I could change notebooks, such as the new generation that have built-in 3G, but I'm finicky about notebooks and don't like changing them often.

Lastly, my phone works while surfing. I should probably update the post to mention that.

Martin Roesch said...

Nova Media sells USB HSDPA modems, if you get a global roaming data service (Cingular has them although they're expensive) it's a pretty nice option. Of course, if you already have your phone working and the performance is good it's all moot anyway. :)

dre said...

I concur that you should be using 1xEVDO Rev A via USB. There is at least one card out there that fits the bill.

I don't understand how public WiFi is less safe than Bluetooth. If you are using SSHv2-only RSA or DSA keys for tunneling and have already pre-connected to the host (I prefer to do this on setup of the server over a cross-over cable), then it doesn't matter what wireless medium you travel over. Bluetooth drivers are probably also vulnerable in similar ways to WiFi. I wonder how well grsecurity or Vista prevent these types of driver attacks. Probably better than Mac OS X does.

I am using EVDO over BT with my laptop (Thinkpad) and pdaphone (Samsung i730) combination. But I use the web in safe ways (DieHard with multi-instance Firefox, NoScript, CookieSafe, LocalRodeo, PublicFox, Firekeeper, secure cookies over SSL - modified if I have to). I never allow more than one site to run Javascript at any time, and even then I close that browser instance both before and afterwards.

I plan on moving to USB EVDO Rev A once Rev A is available in my area.

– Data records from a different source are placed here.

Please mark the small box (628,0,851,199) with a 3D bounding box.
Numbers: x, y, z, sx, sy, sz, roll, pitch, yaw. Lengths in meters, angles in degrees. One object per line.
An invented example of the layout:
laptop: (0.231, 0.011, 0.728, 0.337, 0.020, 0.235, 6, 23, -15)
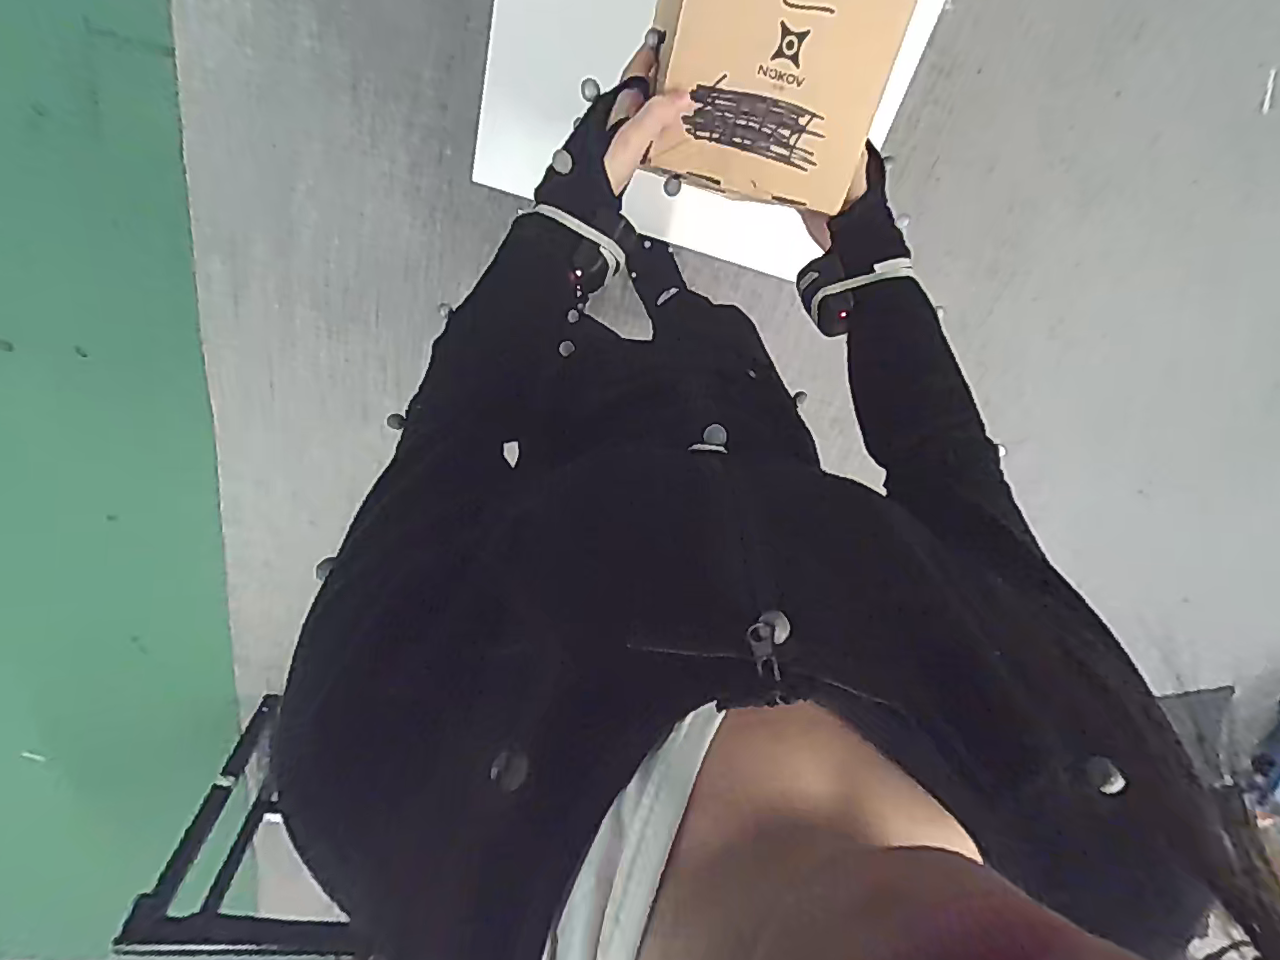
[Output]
small box: (0.089, -0.428, 0.591, 0.168, 0.176, 0.179, 11, 117, -13)
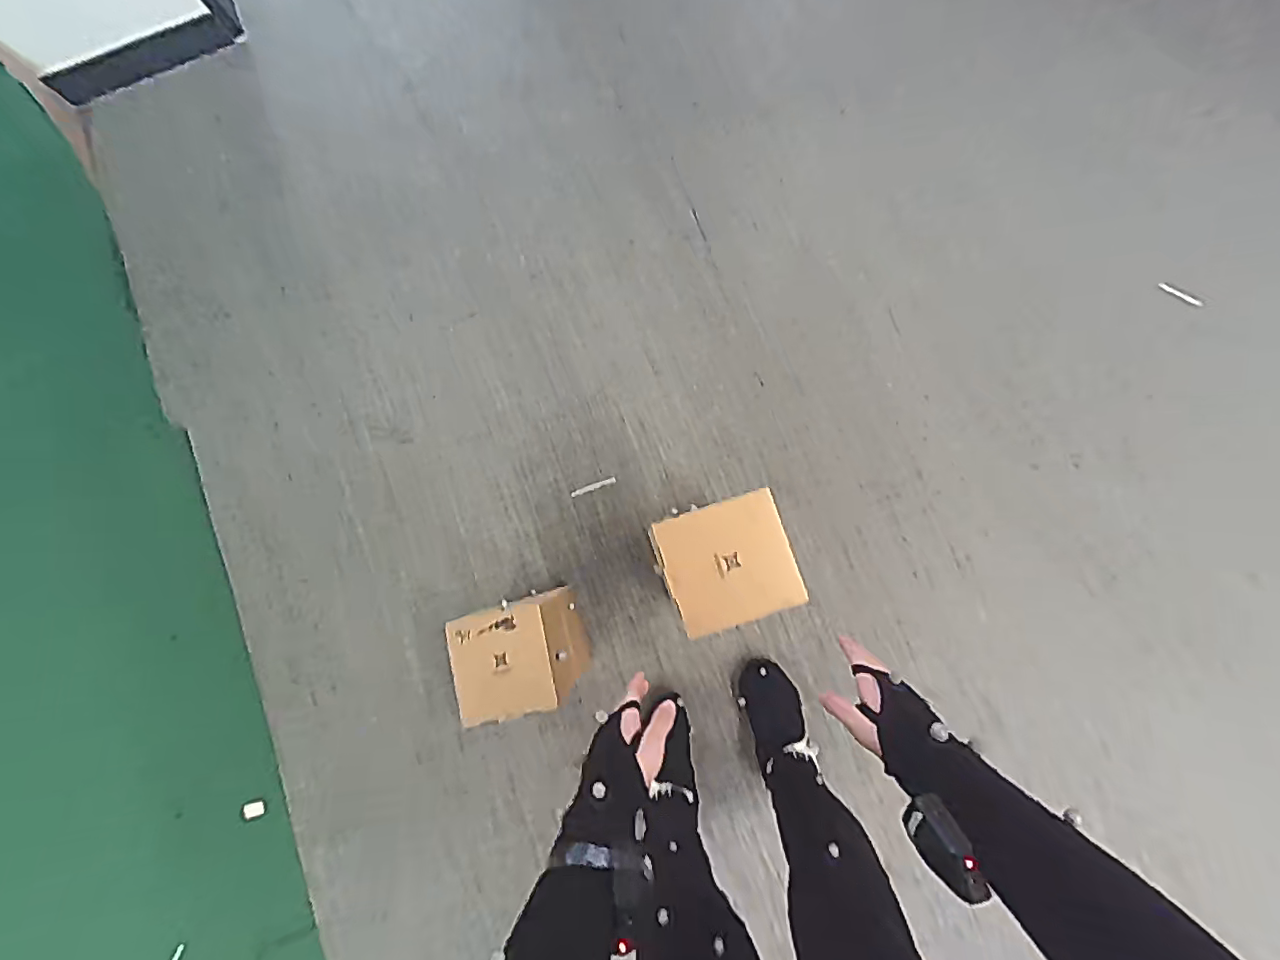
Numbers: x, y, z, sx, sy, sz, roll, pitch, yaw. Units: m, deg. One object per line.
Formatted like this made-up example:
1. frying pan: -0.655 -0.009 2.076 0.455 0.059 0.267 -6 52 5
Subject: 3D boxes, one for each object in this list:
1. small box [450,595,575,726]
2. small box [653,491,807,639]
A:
1. small box: -0.223 0.317 0.983 0.168 0.176 0.179 -12 83 1
2. small box: 0.126 0.123 0.824 0.179 0.176 0.168 -19 83 1

I don't consider it full-proof. Even GSM encryption can be downgraded to nothing if you have MITM. Right now saying HSDPA (or EVDO) is more secure than WiFi is simply a matter of security through obscurity. Neither are secure; I'd be interested to hear about any commercially-available wireless medium that is any more secure than any other. I can think of at least one that might stand some scrutiny: the Secure OLSR plugin.

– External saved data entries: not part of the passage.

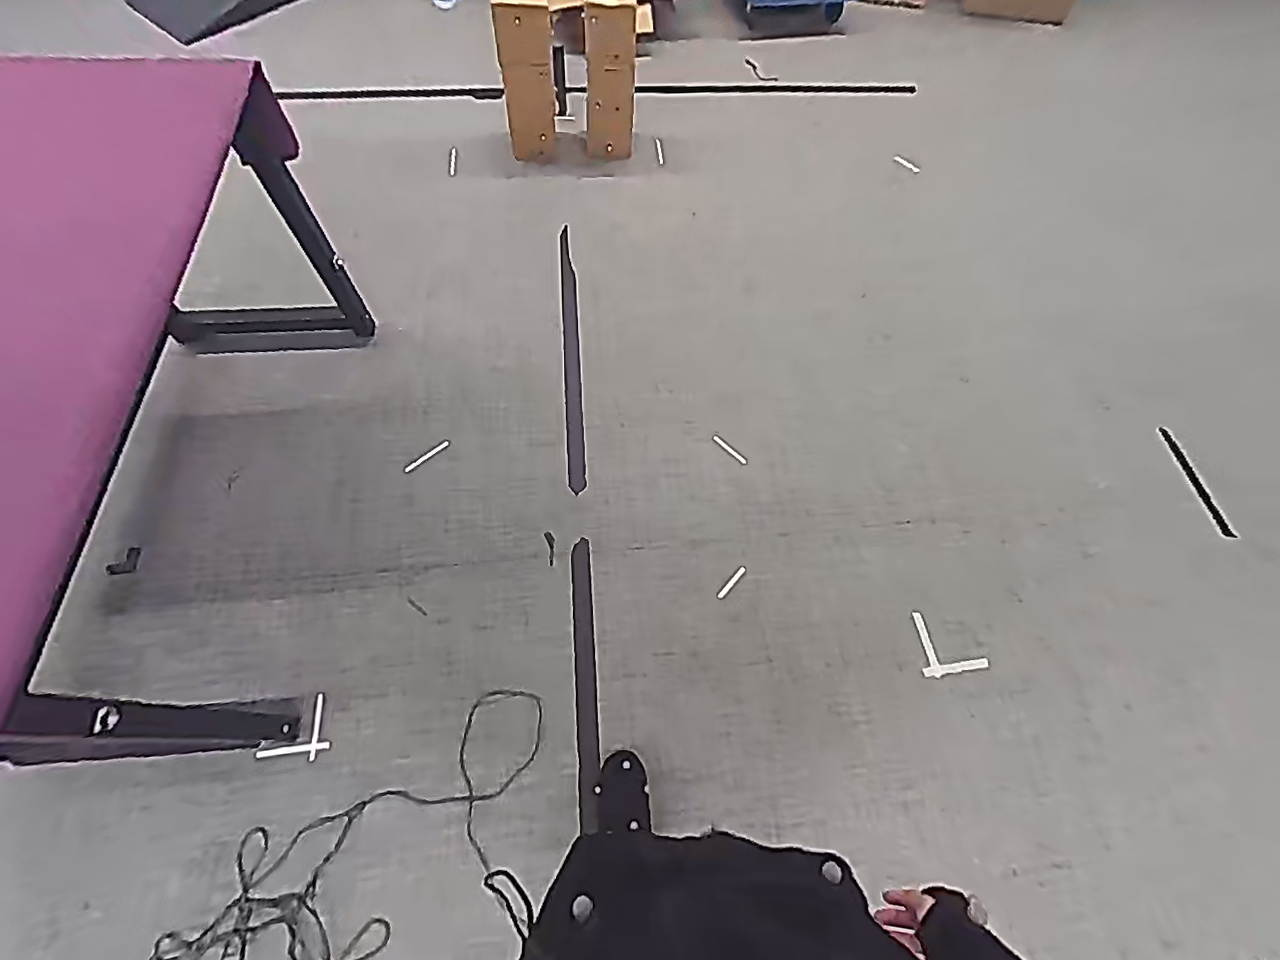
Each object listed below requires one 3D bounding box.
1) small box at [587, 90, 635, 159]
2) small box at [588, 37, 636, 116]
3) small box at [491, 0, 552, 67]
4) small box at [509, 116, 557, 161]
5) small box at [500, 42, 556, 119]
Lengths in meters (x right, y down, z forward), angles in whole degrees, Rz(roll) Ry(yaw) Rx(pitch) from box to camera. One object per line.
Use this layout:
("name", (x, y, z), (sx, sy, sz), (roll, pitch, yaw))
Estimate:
("small box", (-0.114, -1.366, 2.075), (0.179, 0.176, 0.168), (1, 65, -4))
("small box", (-0.100, -1.431, 1.924), (0.168, 0.176, 0.179), (0, 64, -4))
("small box", (-0.378, -1.471, 1.745), (0.179, 0.176, 0.168), (-3, 65, -8))
("small box", (-0.402, -1.336, 2.042), (0.168, 0.176, 0.179), (-4, 64, -7))
("small box", (-0.388, -1.399, 1.892), (0.179, 0.176, 0.168), (-3, 65, -7))
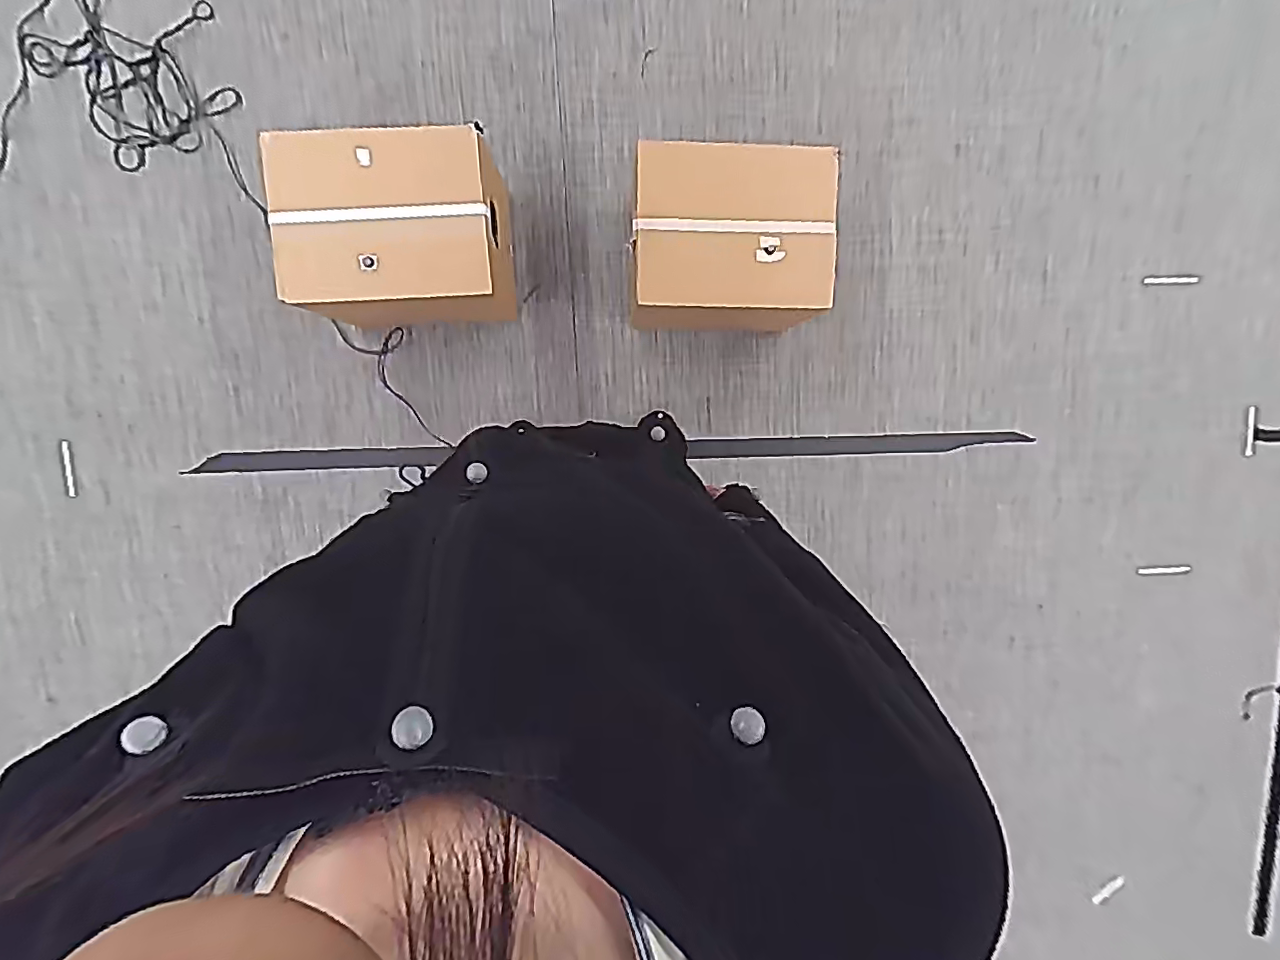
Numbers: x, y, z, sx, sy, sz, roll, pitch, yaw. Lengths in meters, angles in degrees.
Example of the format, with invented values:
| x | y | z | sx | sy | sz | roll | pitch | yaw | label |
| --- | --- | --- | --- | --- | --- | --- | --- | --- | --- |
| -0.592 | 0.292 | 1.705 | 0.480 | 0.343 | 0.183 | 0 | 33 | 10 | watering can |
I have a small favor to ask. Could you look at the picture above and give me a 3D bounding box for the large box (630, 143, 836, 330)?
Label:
| x | y | z | sx | sy | sz | roll | pitch | yaw | label |
| --- | --- | --- | --- | --- | --- | --- | --- | --- | --- |
| 0.185 | -0.526 | 1.236 | 0.408 | 0.320 | 0.320 | 0 | 97 | -4 | large box |

@landon: I wasn't aware of the THC GSM Scanning project, but I used to play a lot with software defined radio (SDR/gnuradio) and GSM. These projects just prove that you don't need expensive equipment to sniff GSM, EDGE, etc. Hello, Apple iPhones.

Roland said...

Sprint offer the Novatel Ovation 720 USB dongle - works quite well.

Wade said...

I believe that it's not just security-through-obscurity for WCDMA.

Authentication Center (AUC) is used in WCDMA for data ciphering. This has a 5 set vector used to generate a key for each subscriber.

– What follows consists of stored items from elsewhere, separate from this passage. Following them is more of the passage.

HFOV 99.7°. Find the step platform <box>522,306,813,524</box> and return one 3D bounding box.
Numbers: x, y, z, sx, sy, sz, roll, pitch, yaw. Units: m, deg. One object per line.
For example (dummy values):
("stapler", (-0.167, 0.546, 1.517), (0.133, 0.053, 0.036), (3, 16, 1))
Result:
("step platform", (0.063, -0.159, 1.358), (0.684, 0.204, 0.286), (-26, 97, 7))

Communications between the handset(UE) and network elements (EG SGSN and MSC) are encrypted over the radio path for both voice and data using this AUC. Data integrity also exists on this path for MITM and reply.

This functionality also exists in GSM network.


ben said...

If you tether in order to avoid unsecure wifi, please make sure your phone is not using the same unsecure wifi. Recently I was surprised at my speed test results while in Sprint's 4g coverage area, comparing to 3g. While in 3g, the phone was using its wifi connection instead of EVDO, so it was acting as a simple wifi modem card, not as an EVDO modem. Had to expressly turn phone's wifi off.